Data START

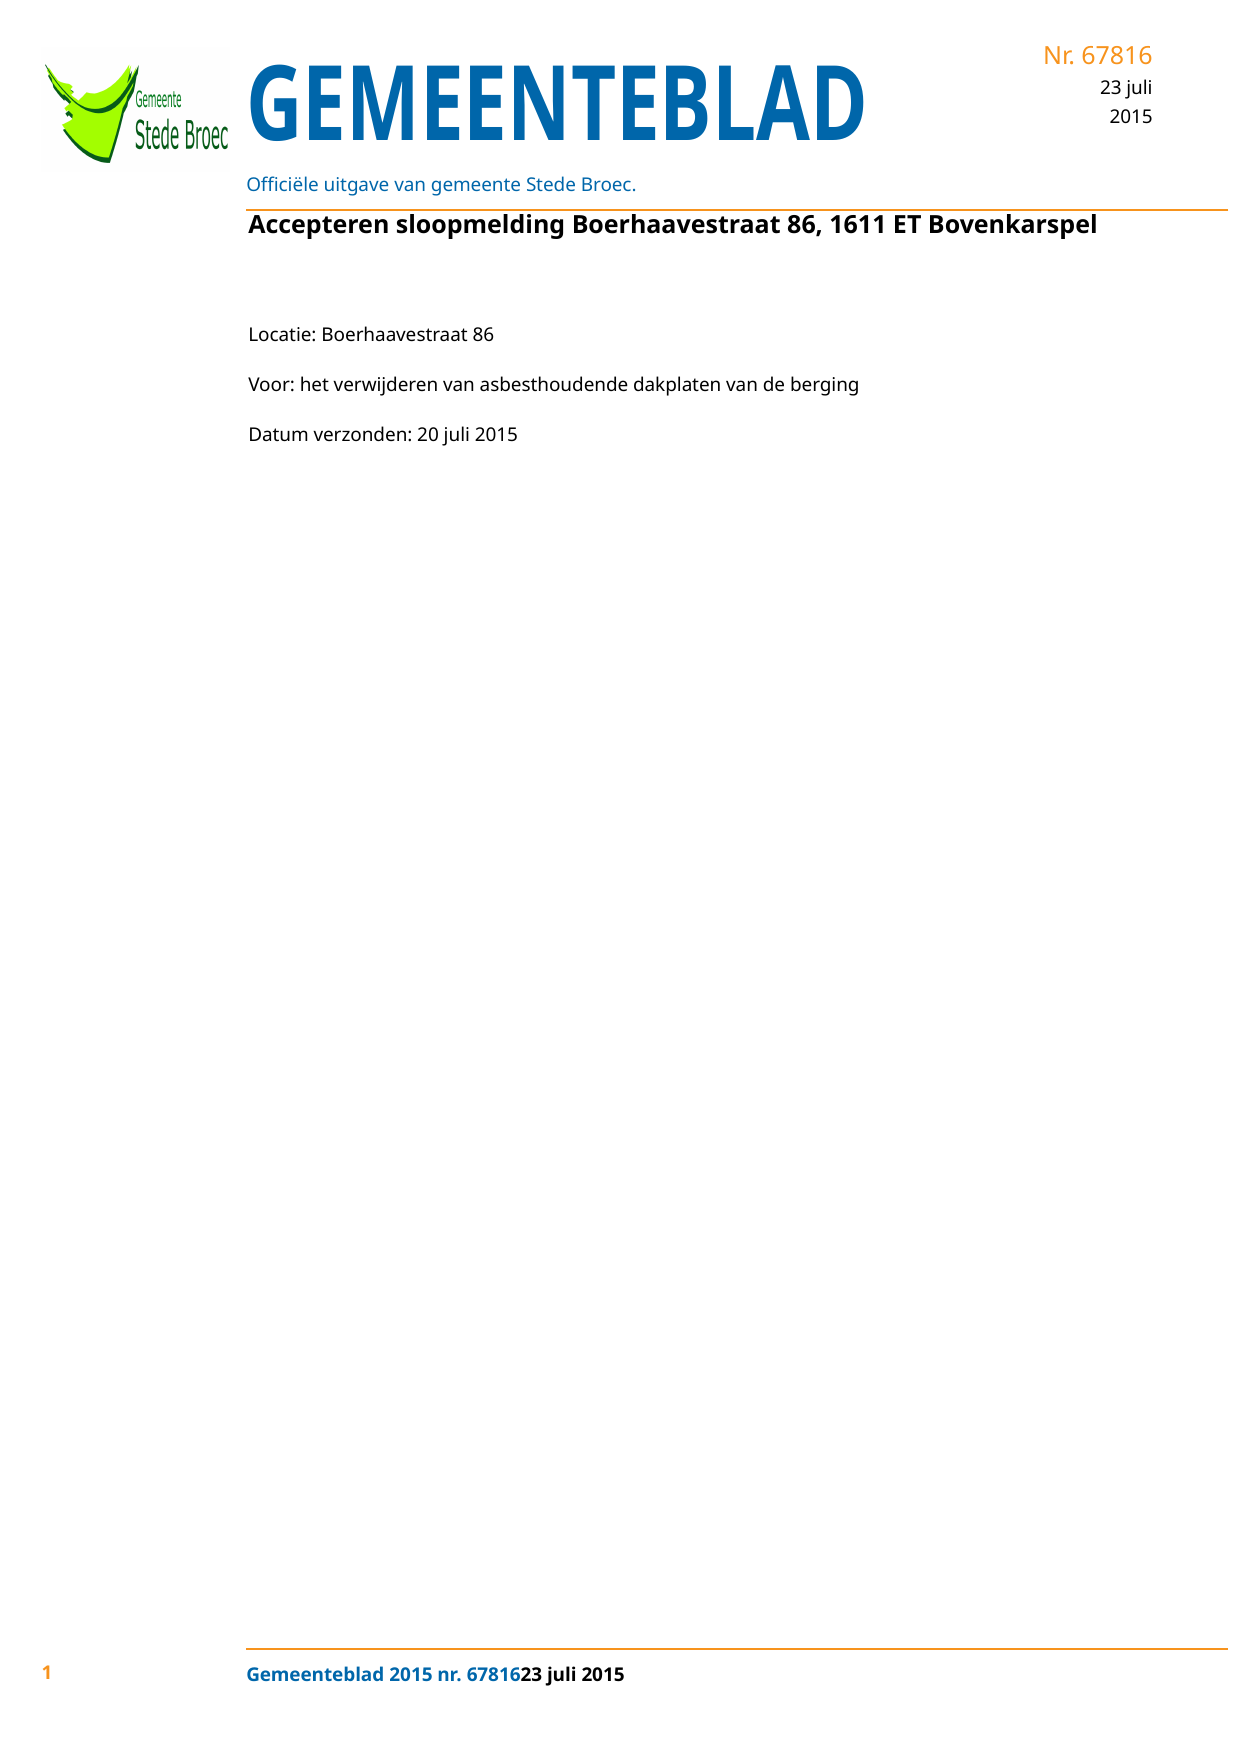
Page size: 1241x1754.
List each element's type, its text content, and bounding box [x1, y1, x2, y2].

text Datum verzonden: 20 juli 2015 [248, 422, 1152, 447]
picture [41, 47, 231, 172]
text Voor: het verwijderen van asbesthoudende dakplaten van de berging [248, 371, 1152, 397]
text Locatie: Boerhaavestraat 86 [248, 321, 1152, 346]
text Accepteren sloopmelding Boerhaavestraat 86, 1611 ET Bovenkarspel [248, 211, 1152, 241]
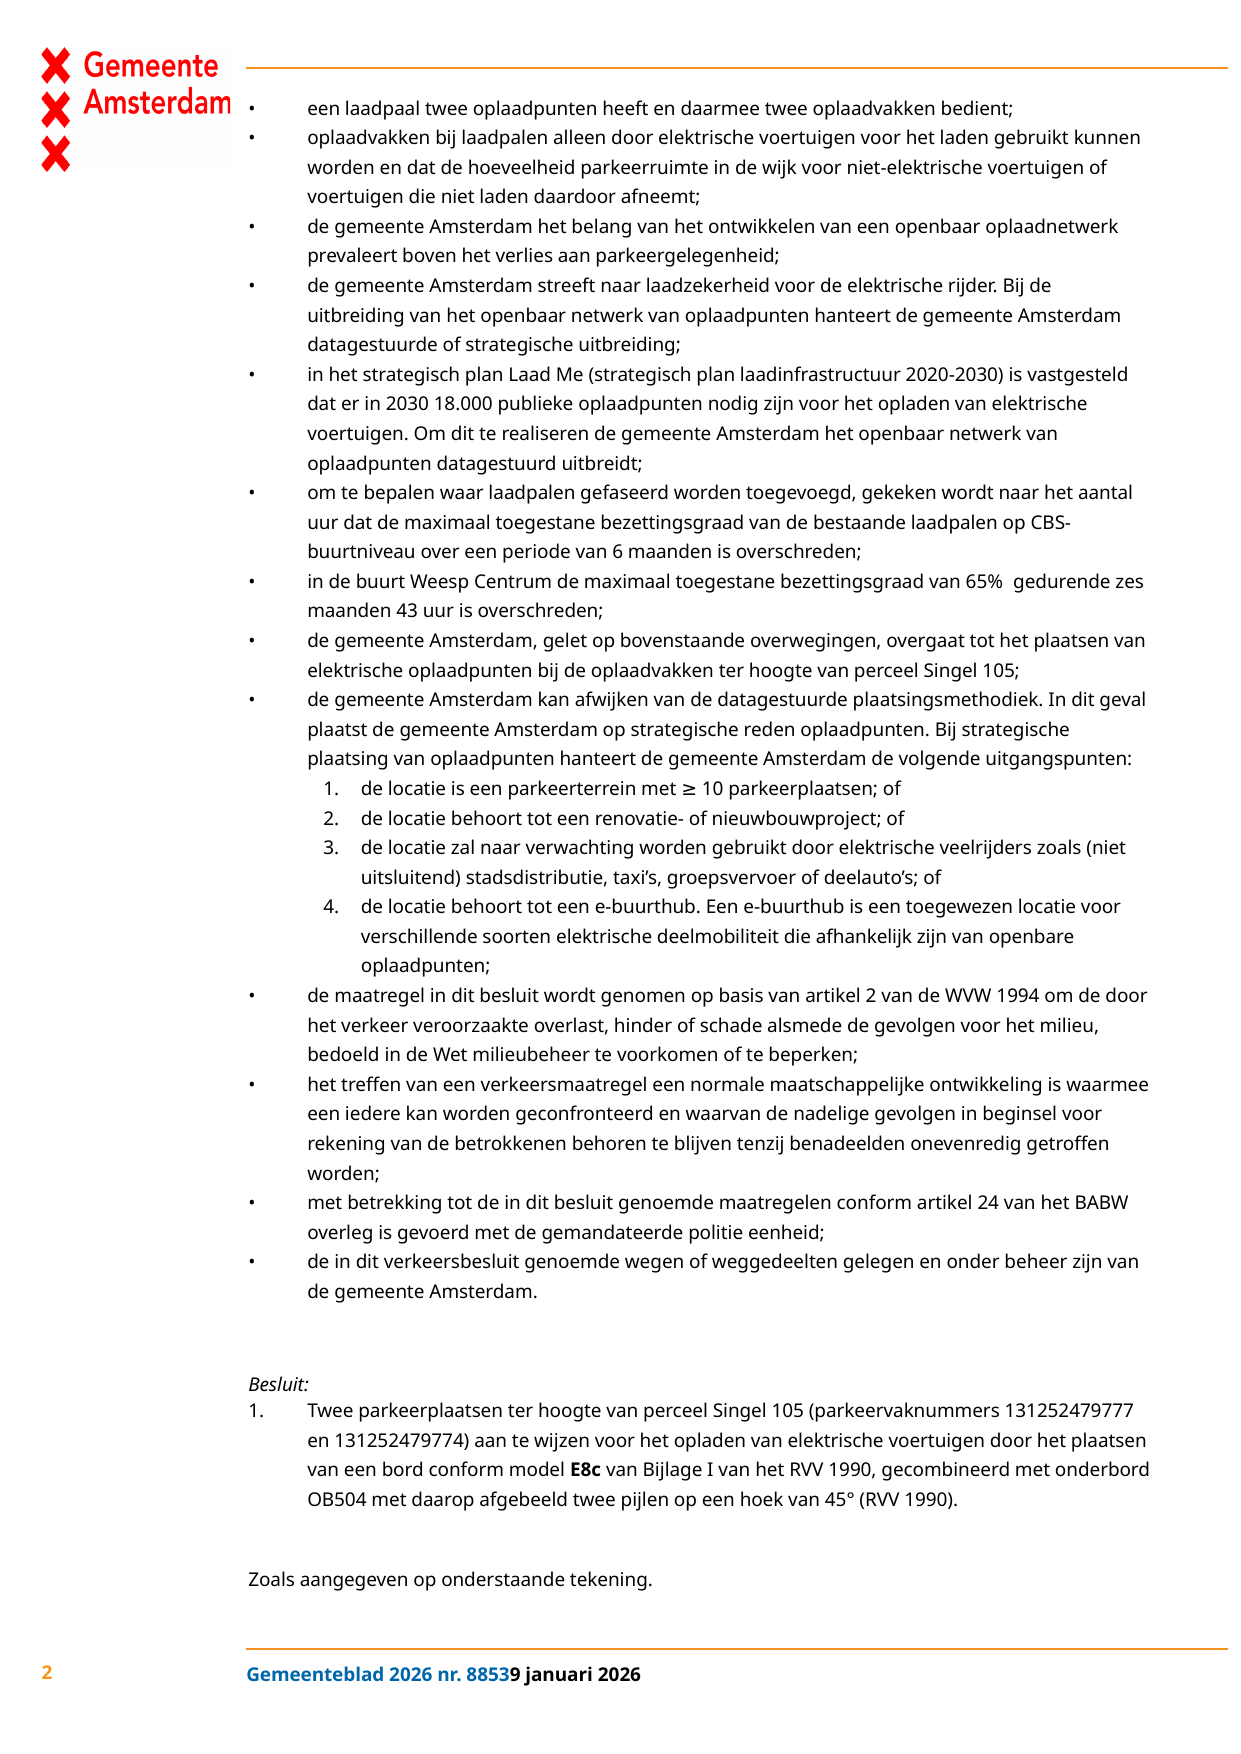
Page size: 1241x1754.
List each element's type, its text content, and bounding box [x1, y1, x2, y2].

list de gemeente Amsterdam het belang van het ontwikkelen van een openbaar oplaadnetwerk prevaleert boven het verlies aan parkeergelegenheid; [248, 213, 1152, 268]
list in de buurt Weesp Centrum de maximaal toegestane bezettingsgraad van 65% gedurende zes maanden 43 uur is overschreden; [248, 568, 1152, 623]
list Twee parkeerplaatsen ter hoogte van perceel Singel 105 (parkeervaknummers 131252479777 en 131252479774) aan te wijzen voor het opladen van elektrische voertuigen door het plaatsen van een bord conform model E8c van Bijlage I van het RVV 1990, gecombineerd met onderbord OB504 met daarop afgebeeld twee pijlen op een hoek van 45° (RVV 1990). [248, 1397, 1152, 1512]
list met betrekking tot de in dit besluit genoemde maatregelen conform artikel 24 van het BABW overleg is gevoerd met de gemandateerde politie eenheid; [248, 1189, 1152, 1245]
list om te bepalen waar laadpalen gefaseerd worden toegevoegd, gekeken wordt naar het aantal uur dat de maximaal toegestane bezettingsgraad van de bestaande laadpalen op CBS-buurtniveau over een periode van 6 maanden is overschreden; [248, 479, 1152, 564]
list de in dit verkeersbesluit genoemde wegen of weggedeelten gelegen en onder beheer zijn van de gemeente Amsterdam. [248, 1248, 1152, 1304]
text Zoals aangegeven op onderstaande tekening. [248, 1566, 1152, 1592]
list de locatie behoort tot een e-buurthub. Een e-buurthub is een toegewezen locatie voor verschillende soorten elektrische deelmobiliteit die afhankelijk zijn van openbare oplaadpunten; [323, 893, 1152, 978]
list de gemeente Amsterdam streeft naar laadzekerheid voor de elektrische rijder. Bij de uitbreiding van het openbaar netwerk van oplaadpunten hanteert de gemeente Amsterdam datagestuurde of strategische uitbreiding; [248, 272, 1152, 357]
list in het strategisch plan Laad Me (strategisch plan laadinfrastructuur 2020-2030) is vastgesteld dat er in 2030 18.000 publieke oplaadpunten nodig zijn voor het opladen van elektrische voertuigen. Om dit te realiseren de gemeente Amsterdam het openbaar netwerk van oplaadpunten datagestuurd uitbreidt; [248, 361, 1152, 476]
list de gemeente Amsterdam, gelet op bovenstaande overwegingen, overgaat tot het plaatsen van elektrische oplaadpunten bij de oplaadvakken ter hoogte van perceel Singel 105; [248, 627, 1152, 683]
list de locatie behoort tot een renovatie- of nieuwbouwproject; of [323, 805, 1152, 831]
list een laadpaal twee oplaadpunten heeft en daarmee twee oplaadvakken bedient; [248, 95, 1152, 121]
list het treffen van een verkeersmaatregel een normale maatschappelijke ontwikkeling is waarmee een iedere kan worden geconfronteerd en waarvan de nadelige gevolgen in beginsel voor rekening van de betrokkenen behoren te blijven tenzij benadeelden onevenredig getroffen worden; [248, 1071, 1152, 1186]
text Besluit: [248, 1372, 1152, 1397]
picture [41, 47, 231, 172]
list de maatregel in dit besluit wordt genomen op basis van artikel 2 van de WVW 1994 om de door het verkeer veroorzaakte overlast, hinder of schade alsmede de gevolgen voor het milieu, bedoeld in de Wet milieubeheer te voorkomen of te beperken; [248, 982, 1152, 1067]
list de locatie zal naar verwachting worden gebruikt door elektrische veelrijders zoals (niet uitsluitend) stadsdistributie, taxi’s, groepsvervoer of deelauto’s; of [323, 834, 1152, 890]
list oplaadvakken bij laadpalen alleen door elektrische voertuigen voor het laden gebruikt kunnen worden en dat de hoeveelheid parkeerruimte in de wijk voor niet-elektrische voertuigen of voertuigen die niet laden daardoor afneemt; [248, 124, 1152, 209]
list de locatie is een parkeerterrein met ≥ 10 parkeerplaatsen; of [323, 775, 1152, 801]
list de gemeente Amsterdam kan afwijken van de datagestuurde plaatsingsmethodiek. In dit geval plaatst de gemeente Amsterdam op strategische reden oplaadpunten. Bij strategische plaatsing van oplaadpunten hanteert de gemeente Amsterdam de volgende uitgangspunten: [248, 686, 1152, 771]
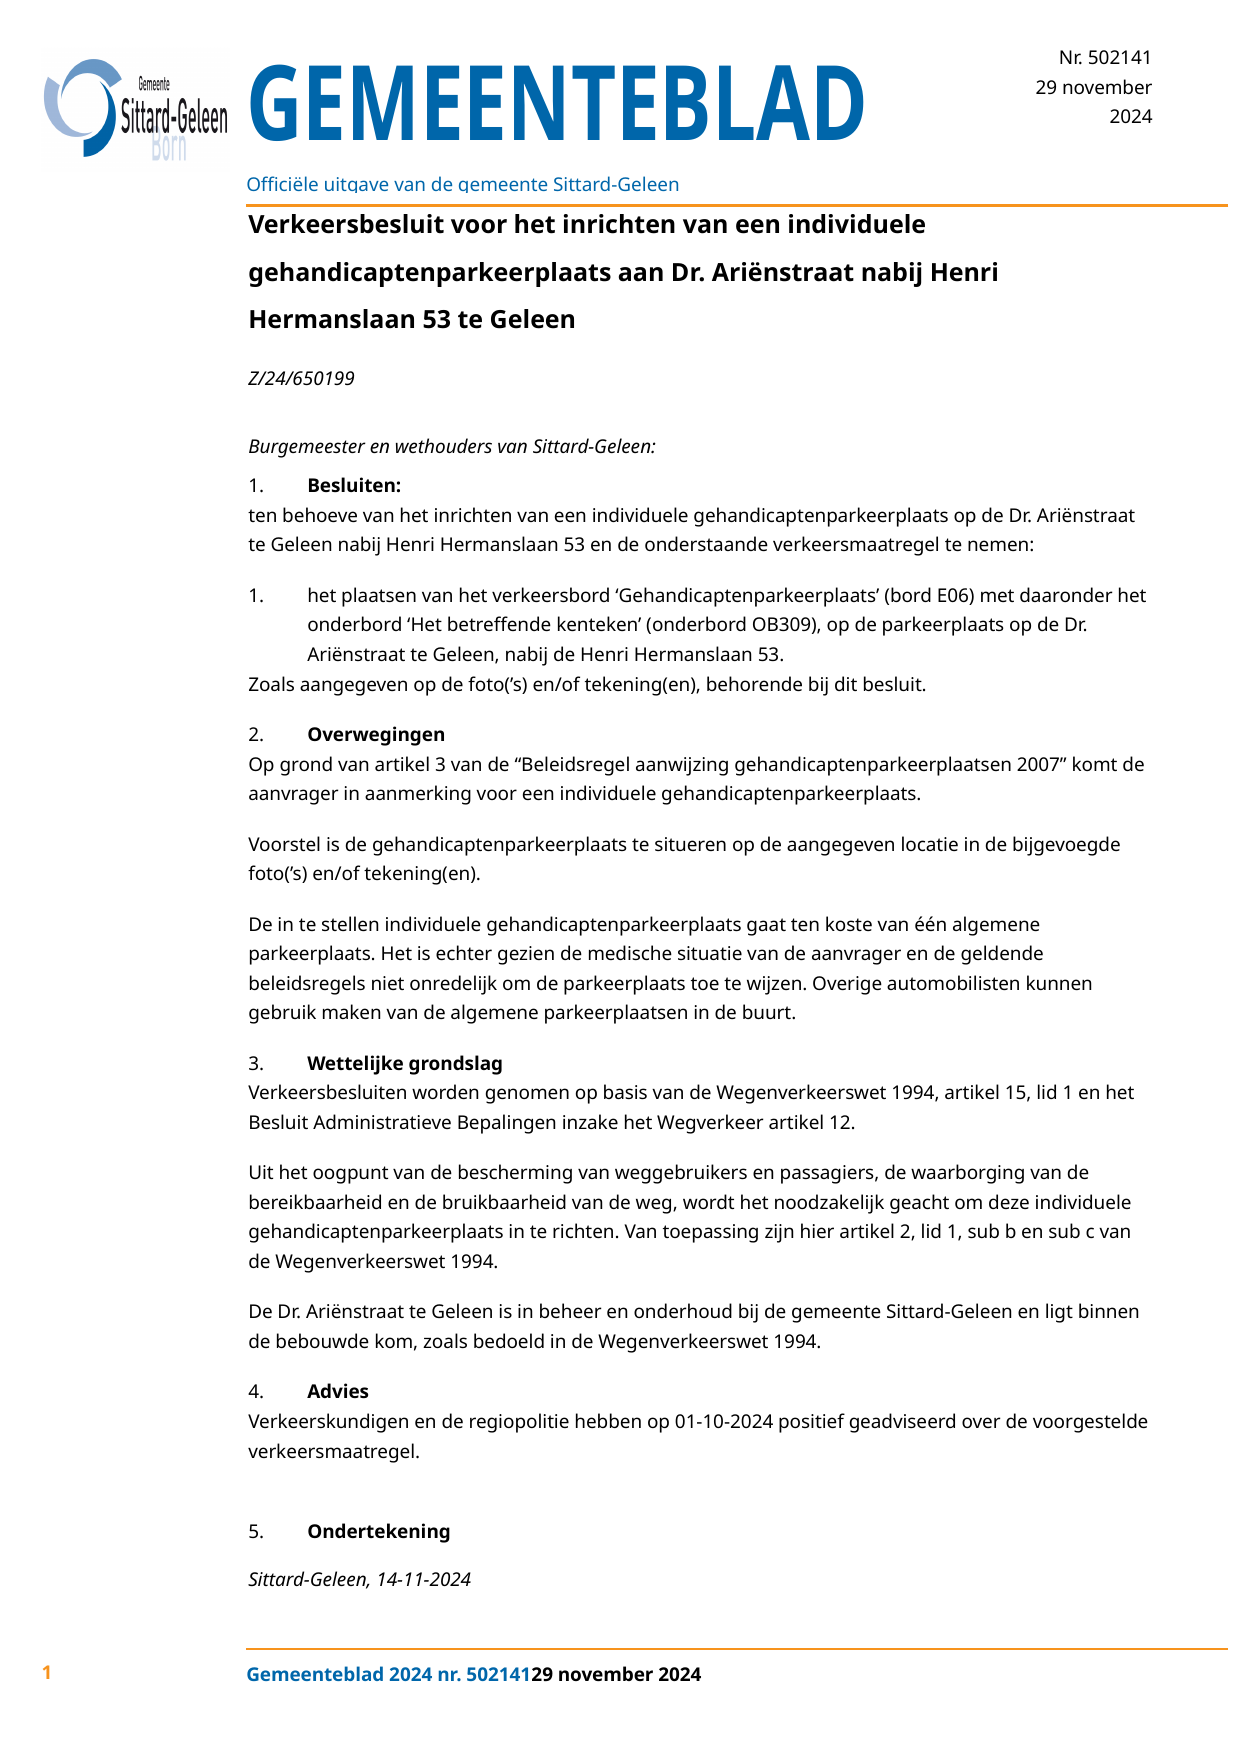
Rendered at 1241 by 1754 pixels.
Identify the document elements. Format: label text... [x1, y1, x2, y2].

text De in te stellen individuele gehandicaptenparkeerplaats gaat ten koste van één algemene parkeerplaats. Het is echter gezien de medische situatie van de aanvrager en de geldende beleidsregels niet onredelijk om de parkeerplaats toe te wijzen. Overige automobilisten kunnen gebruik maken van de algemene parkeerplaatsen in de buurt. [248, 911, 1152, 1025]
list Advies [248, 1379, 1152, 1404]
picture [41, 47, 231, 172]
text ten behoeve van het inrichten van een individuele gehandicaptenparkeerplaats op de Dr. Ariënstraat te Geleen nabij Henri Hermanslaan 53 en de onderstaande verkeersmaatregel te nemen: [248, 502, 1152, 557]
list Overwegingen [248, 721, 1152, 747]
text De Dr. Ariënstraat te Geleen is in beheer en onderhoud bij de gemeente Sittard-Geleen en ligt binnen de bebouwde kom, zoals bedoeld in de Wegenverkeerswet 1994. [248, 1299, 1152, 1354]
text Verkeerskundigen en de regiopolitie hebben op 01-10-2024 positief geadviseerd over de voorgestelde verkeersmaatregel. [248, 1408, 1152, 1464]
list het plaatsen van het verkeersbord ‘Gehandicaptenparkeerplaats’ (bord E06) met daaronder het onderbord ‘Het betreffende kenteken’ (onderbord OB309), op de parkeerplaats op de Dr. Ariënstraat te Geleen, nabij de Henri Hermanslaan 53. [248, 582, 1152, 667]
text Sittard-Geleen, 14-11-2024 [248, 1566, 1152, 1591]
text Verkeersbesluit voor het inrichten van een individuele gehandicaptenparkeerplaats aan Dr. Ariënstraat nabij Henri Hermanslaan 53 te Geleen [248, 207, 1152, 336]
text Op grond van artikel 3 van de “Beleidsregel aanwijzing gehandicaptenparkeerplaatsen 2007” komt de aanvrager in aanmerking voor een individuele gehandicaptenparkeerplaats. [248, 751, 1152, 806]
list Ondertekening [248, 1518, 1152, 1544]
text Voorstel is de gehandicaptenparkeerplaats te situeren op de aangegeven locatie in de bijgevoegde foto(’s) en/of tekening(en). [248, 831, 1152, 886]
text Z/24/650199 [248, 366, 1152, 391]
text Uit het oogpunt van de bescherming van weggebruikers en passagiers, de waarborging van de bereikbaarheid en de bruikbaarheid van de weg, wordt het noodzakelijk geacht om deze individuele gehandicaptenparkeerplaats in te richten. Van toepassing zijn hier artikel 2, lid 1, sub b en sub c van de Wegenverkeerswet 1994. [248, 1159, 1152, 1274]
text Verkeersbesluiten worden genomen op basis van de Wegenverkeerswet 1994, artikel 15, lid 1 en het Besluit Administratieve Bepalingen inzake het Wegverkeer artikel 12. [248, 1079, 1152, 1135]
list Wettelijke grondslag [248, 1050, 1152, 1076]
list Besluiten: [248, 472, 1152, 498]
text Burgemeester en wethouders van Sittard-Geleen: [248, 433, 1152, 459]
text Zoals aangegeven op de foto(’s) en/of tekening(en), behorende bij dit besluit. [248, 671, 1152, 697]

Data END

→ Work task:
Print exactly the lines of the listing above starting at the line containing "list in de buurt" and ending at the line containing "list de in dit", both included.

→ Solution:
list in de buurt Weesp Centrum de maximaal toegestane bezettingsgraad van 65% gedurende zes maanden 43 uur is overschreden; [248, 568, 1152, 623]
list Twee parkeerplaatsen ter hoogte van perceel Singel 105 (parkeervaknummers 131252479777 en 131252479774) aan te wijzen voor het opladen van elektrische voertuigen door het plaatsen van een bord conform model E8c van Bijlage I van het RVV 1990, gecombineerd met onderbord OB504 met daarop afgebeeld twee pijlen op een hoek van 45° (RVV 1990). [248, 1397, 1152, 1512]
list met betrekking tot de in dit besluit genoemde maatregelen conform artikel 24 van het BABW overleg is gevoerd met de gemandateerde politie eenheid; [248, 1189, 1152, 1245]
list om te bepalen waar laadpalen gefaseerd worden toegevoegd, gekeken wordt naar het aantal uur dat de maximaal toegestane bezettingsgraad van de bestaande laadpalen op CBS-buurtniveau over een periode van 6 maanden is overschreden; [248, 479, 1152, 564]
list de in dit verkeersbesluit genoemde wegen of weggedeelten gelegen en onder beheer zijn van de gemeente Amsterdam. [248, 1248, 1152, 1304]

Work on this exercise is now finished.